Distribution by Market Cap

-1 1
(-0.001, 26.326] 4341042
(26.326, 76.508] 5541194
(76.508, 168.097] 510 814
(168.097, 310.692] 574 770
(310.692, 533.895] 10181160
(533.895, 926.272] 926 972
(926.272, 1663.0] 9801112
(1663.0, 3520.0] 11441098
(3520.0, 12650.0] 10961018
(12650.0, 9999999999.0] 822 742

Distribution by Marketcap

From the initial analysis, this looks a good distribution of transaction events with a good distribution company sizes.

Create Features

The previous posts in this series involved creating the initial dataset for analysis. The analysis done so far was on the raw data. In this post we take it a step further to apply analysis to the raw data to create user defined fields that will aid in the analysis.

The outcome of this post will be to create a final dataset with all the features for analysis.

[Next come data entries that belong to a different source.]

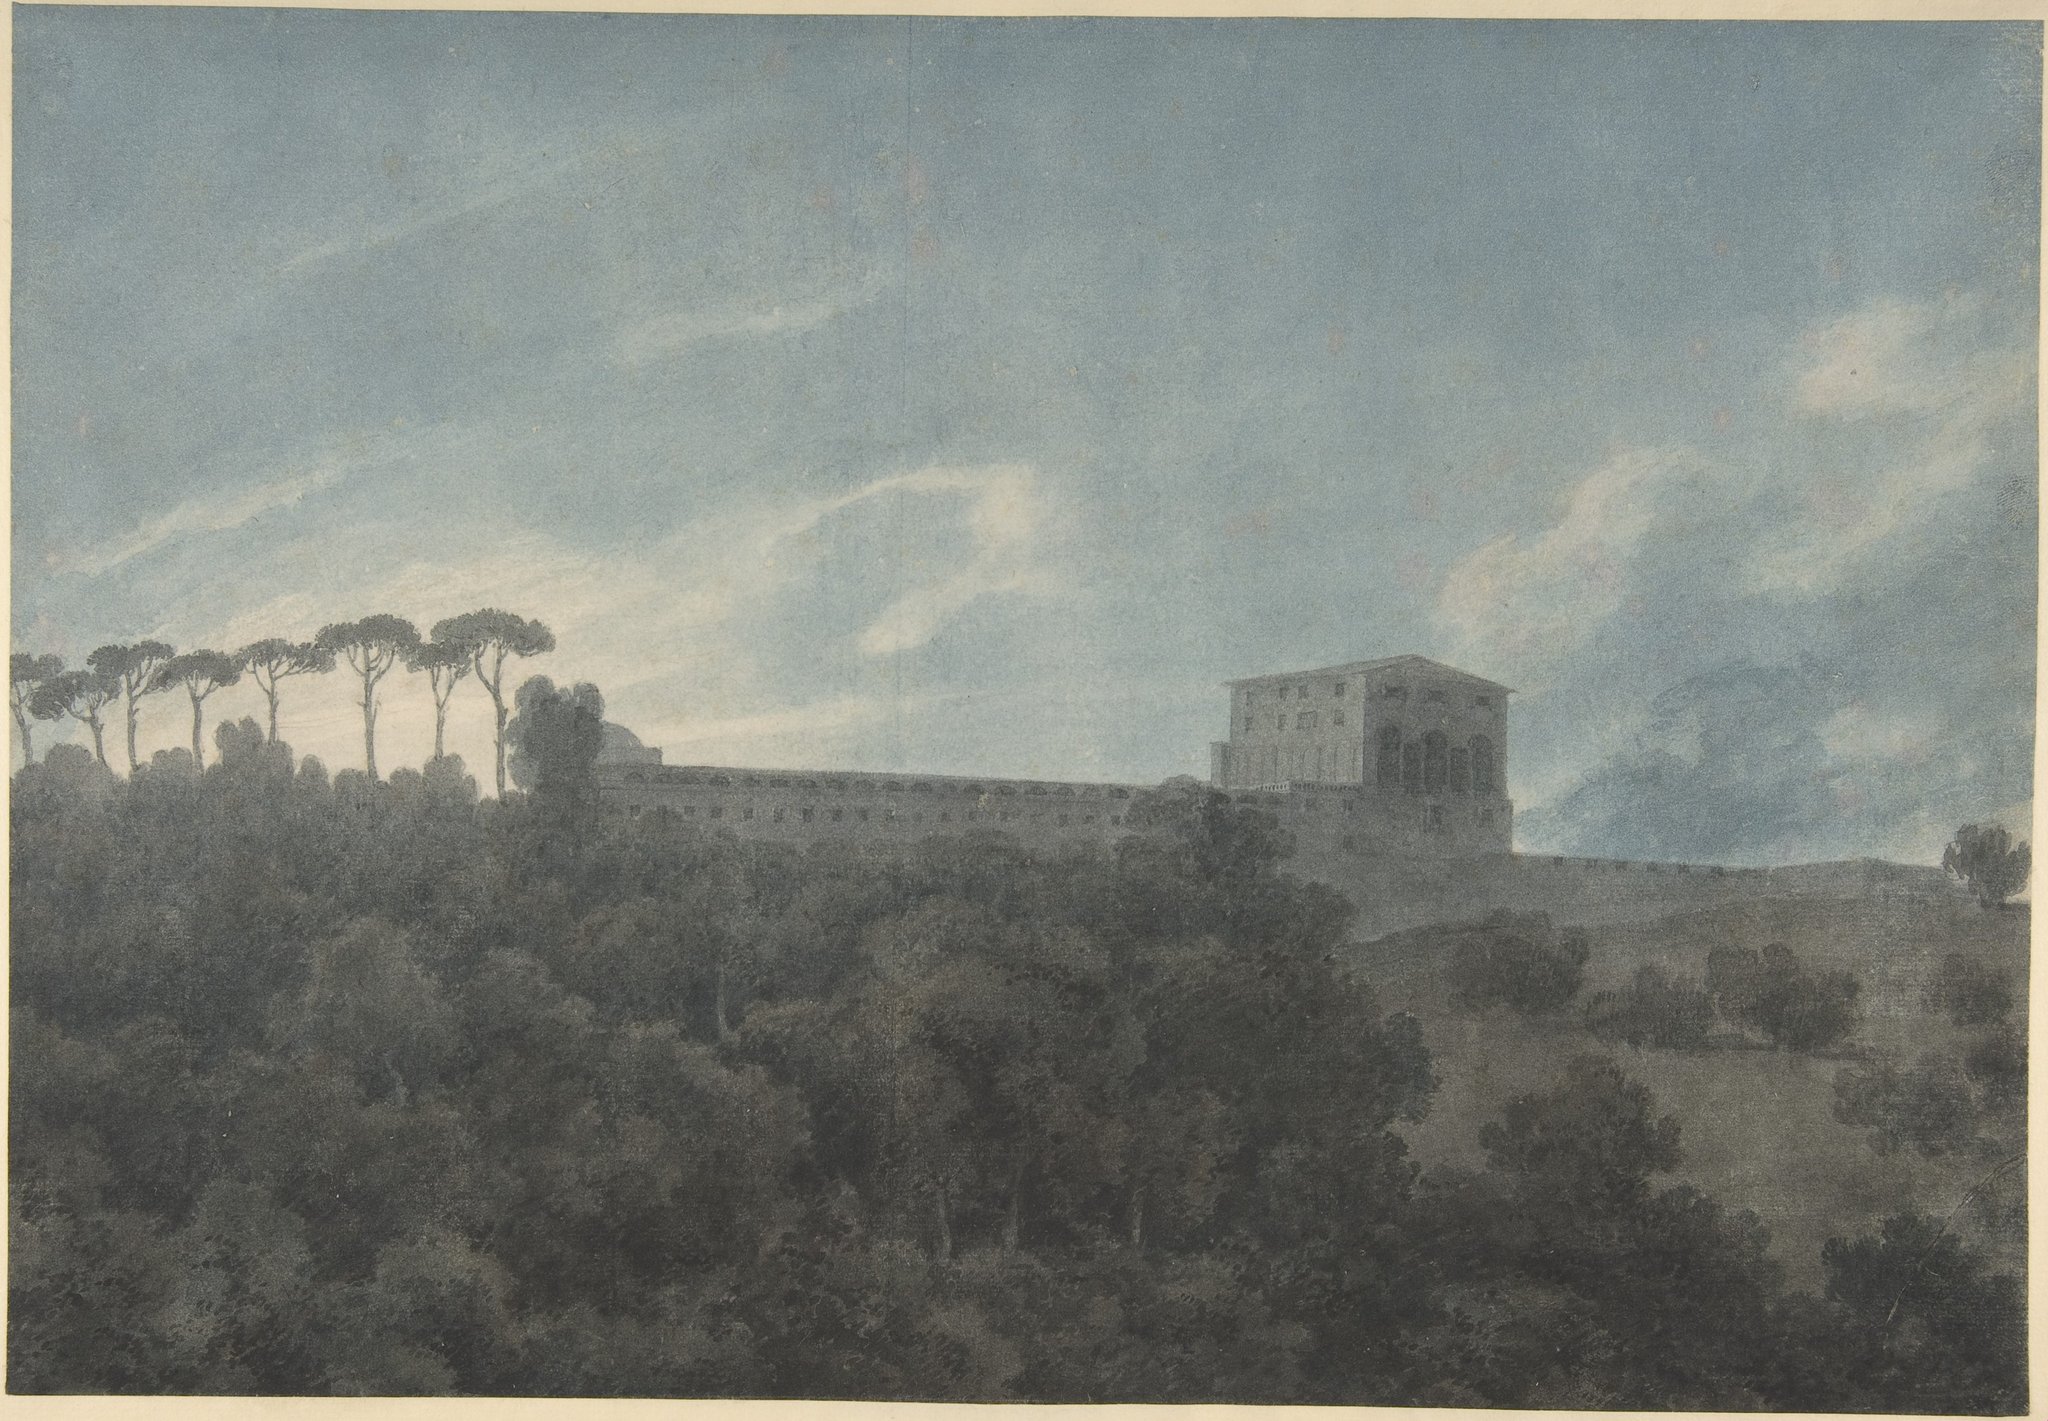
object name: drawing
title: View of the Villa Lante on the Janiculum in Rome
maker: john robert cozens
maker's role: artist
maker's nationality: british
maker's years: 1752-1797
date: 1782-1783
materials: graphite, watercolor
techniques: brush
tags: buildings,landscapes,rome

The initial datasets created on the Quantopian platform contain a list of NASDAQ stocks. These have gapped since the previous day by at least 4%. When this has happened, minute price movements from the day before and after the gap are put into a Pandas data frame. The features created and their reasons are given below.

  • GAP_DIRECTION - the direction the stock moved from the previous day (1 for a move up, -1 for a move down).
  • FLOAT - The size of the companies outstanding share float. To properly feed the algorithms this has been scaled and labelled for proper reporting.
  • MKTCAP - The market cap of the company from Yahoo data.
  • PD_VOLUME - Prior day volume. There are also features for trends in the last 15 and 30 minutes.
  • PD_PRICE - Prior day price movements. For the last 15 and 30 minutes for the previous day.
  • OPENING_CANDLES - Shows how price behaved on the open after the gap. There are candles for the first minute and 5 - 60 mins.
  • RETURN_PERCENT - Percent return if applying gap strategy for particular trade.

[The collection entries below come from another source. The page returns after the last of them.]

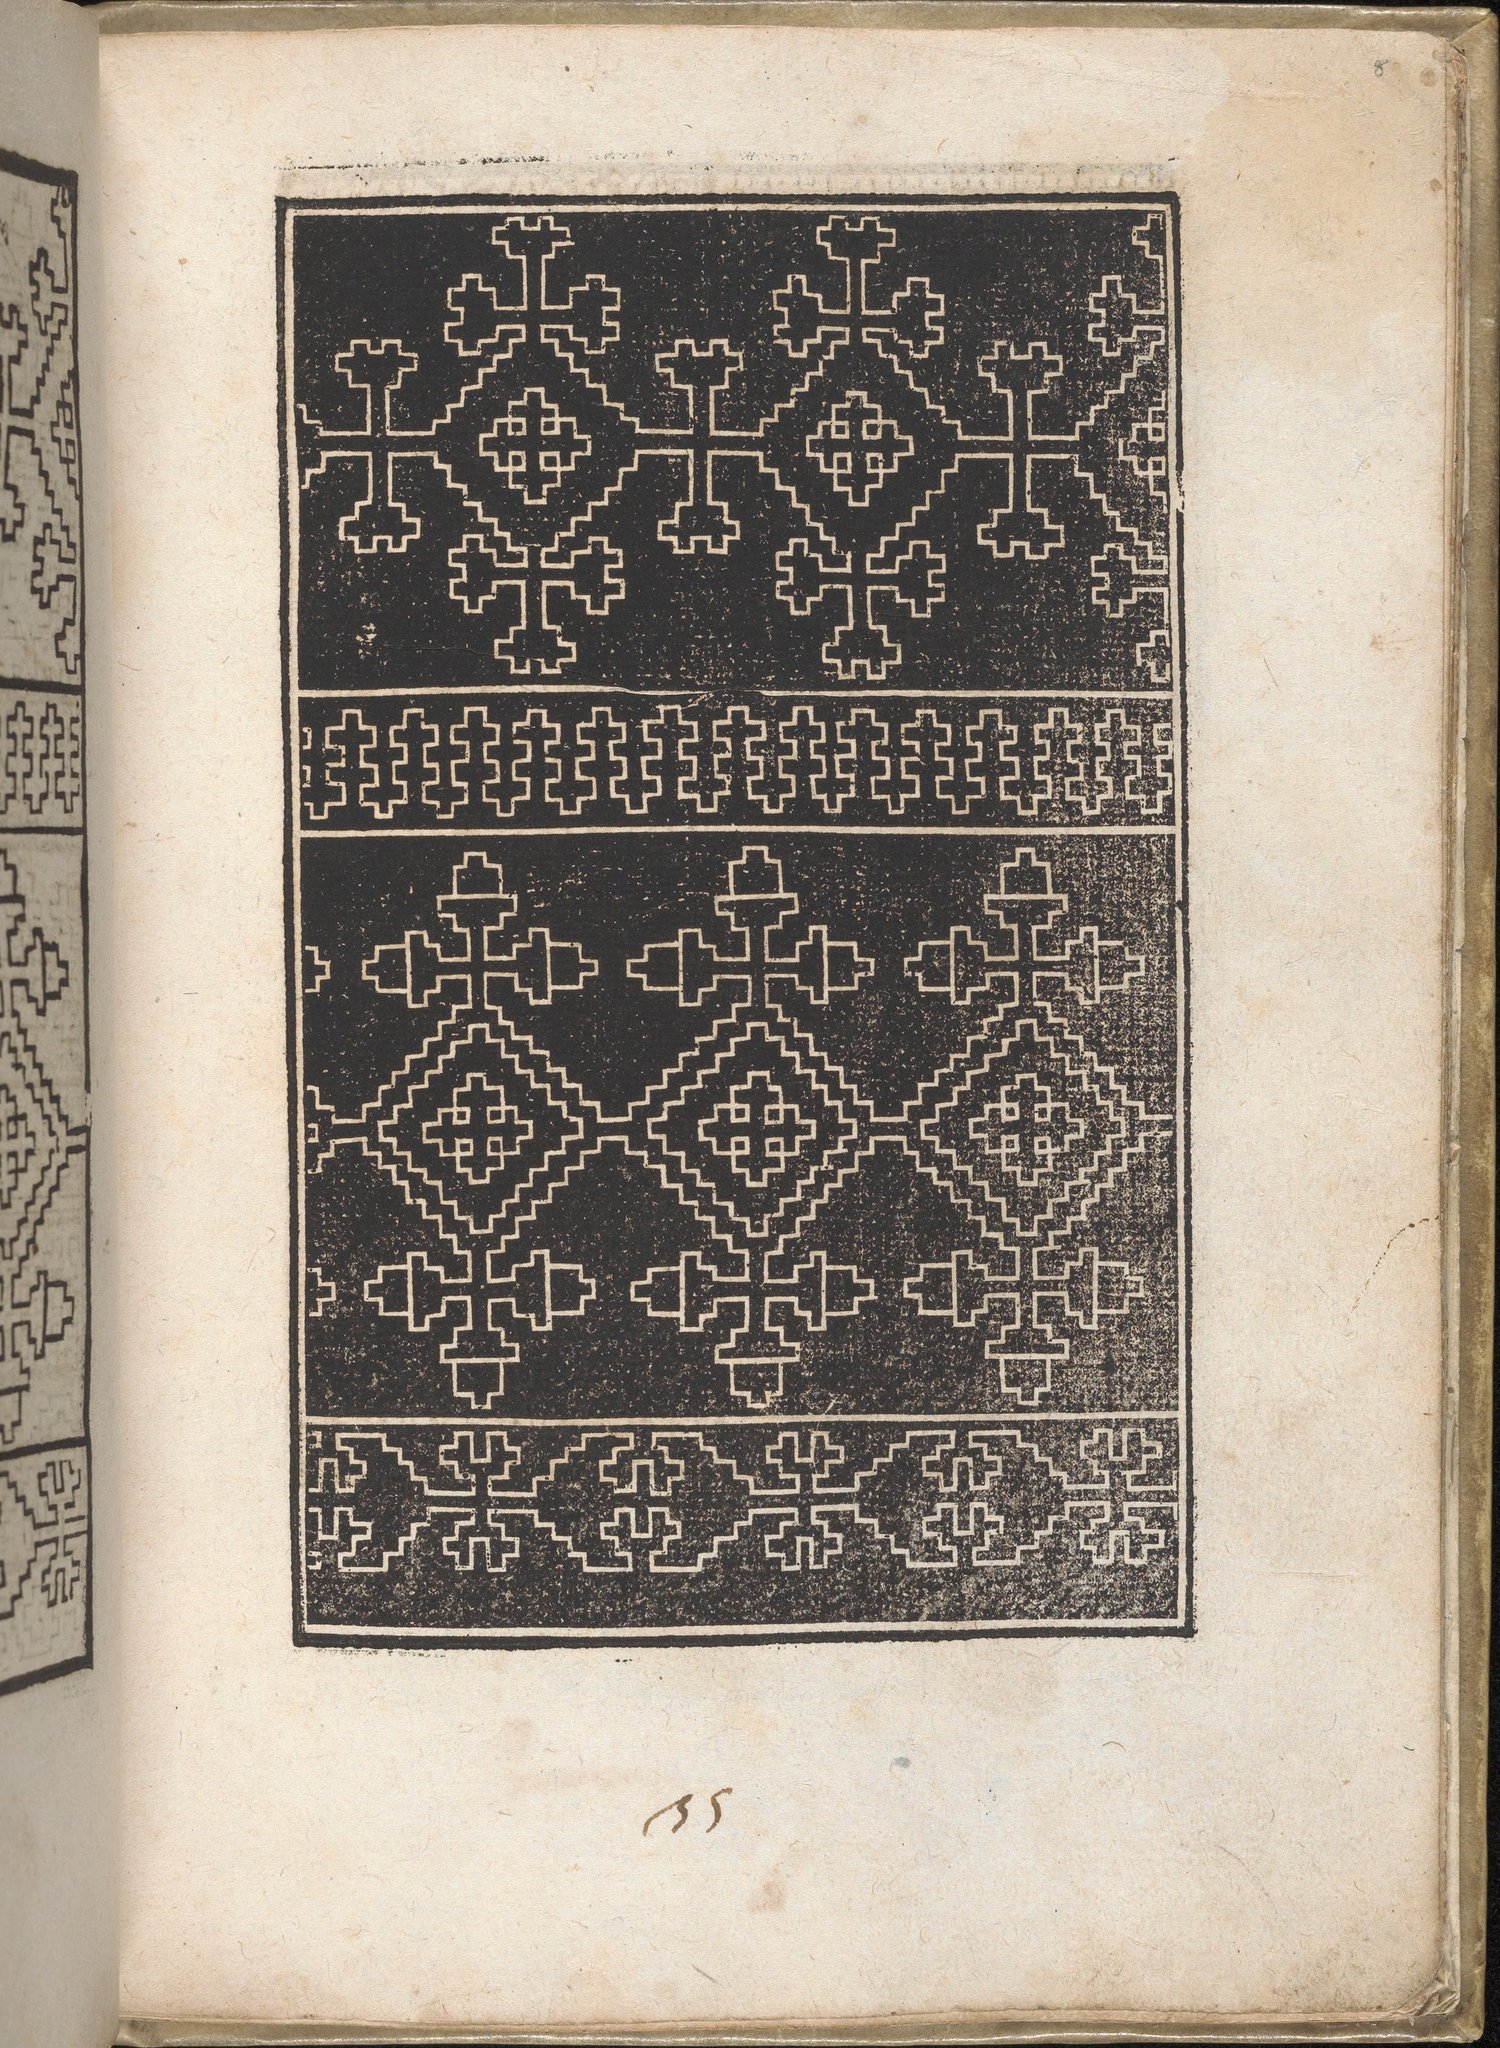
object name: book
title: Page 8v, from "Eyn New Kunstlichboich"
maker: peter quentel
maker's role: publisher
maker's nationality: german
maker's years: 1500-1550
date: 1529
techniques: woodcut

End of day movement showing if at the end of the day if the stock was a gap runner or a gap closer or just flat. This is the predictor variable. The final outcome of this project is to see if it is possible to predict where the stock will move to the day after the gap. The stronger the prediction the higher the amount invested in the particular trade.

Analysis After Features

The purpose of this step is to see if any of the features created in the previous steps have any predictive power on the movement of the price during the day.
In order to label the outcomes effectively, three simplistic states have been defined on how the price moves over the day. - Closer - where the end of day price moves in the opposite direction of the gap or tries to close the gap. - Flat - where the end of day price is +- 1% of open and therefore not a profitable or loss making trade. - Runner - where the closing price is in the direction of the gap.

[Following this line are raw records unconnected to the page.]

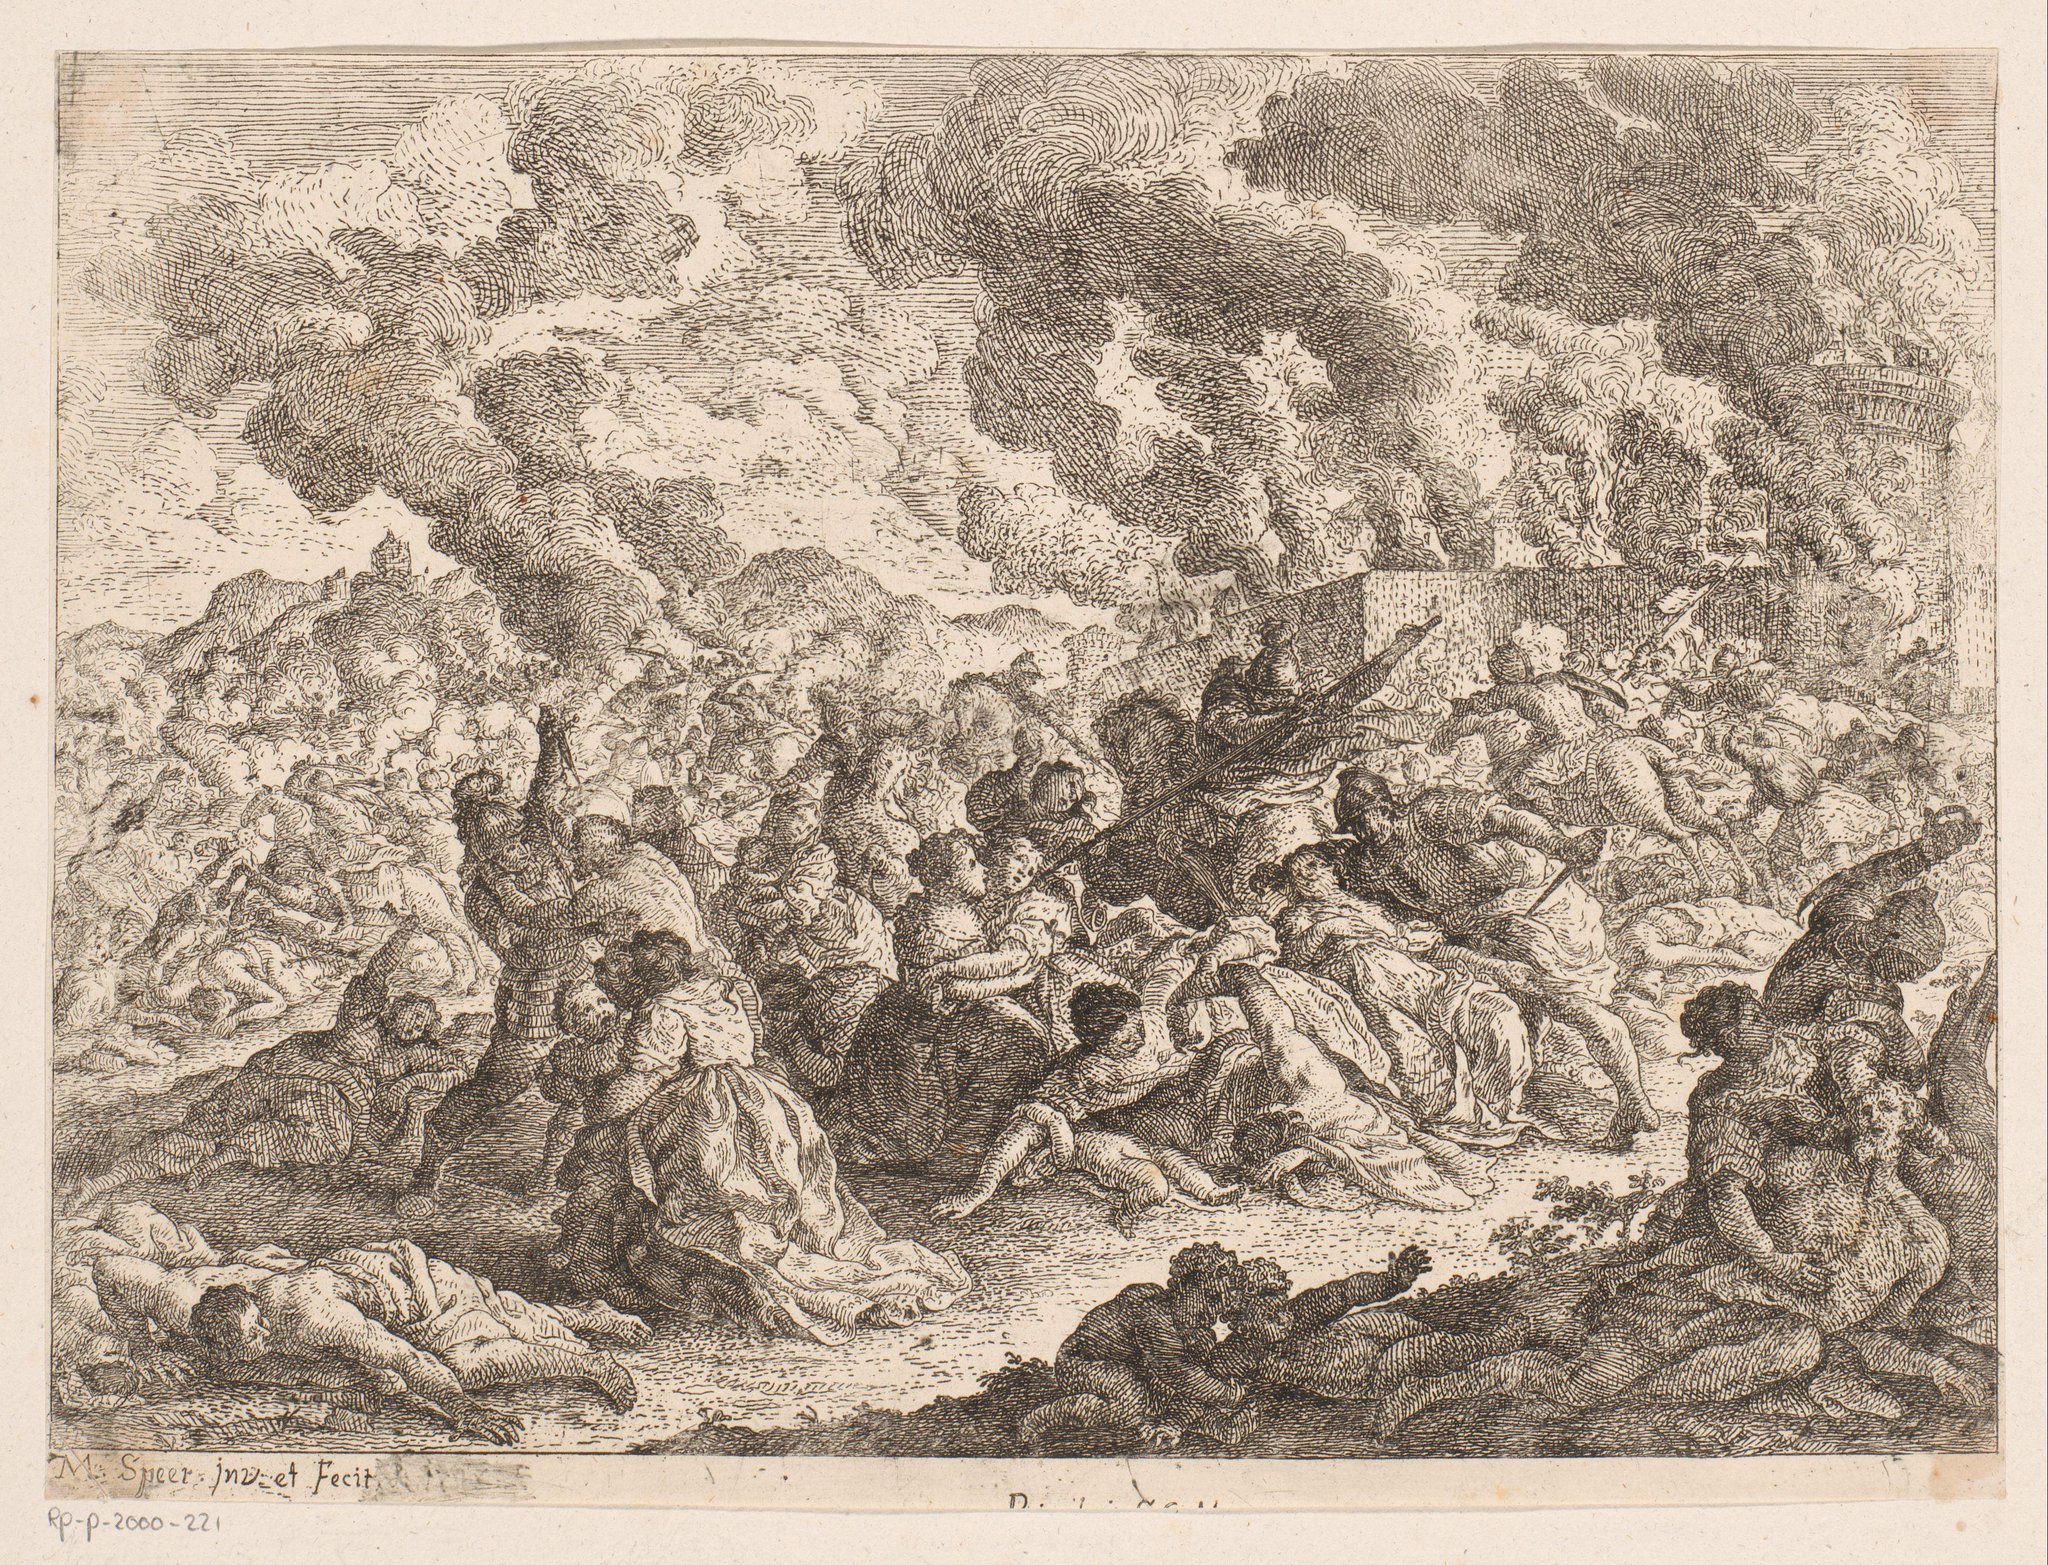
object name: print
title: Bloedbad voor de muren van een brandende stad
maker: martin speer
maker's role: painter, print maker
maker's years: 1702-1765
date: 1742
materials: paper
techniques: etching
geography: regensburg
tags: genocide, on fire, ablaze, war
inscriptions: collector's mark: Lugt 2760, collector's mark: Lugt 2228

The analysis will look at all the created features to see if there is a higher likelihood of closes over runners.

Gappers Up

Below is the relationships the created factors have with the movement of price over the end of day for stocks that have gapped up.

Gappers Up

Prior Day Trends

On a cursory analysis, prior day trends don't seem to have any impact on price direction. It is observable by the fact that the gap closers and runners are equally distributed.

Time Based Factors

There don't seem to be any predictive power on time based factors either. Month, Weekday and Year have relatively equal distributions for gap closers and runners.

Company Size

Market cap and Float seem to have a higher number of closers on the smaller valued companies. This then reverses to a smaller number of closers with larger companies.

Market Open

This looks like the most predictive of how the price will move over the day. If the price falls 15 minutes after open then there is a high likelihood that the price will close over the day.

So in summary, small cap companies that have gapped up but with a price fall after open are likely to move in the direction of closing the initial gap by the end of the day.

Gappers Down

The same analysis can be applied to gappers down.

Gappers Up

Gappers down seem to be the opposite of gap ups. The larger the company size, the more likely the gap will close over the day.

The trading strategy with opening gaps should favour company size when predicting movement during the day.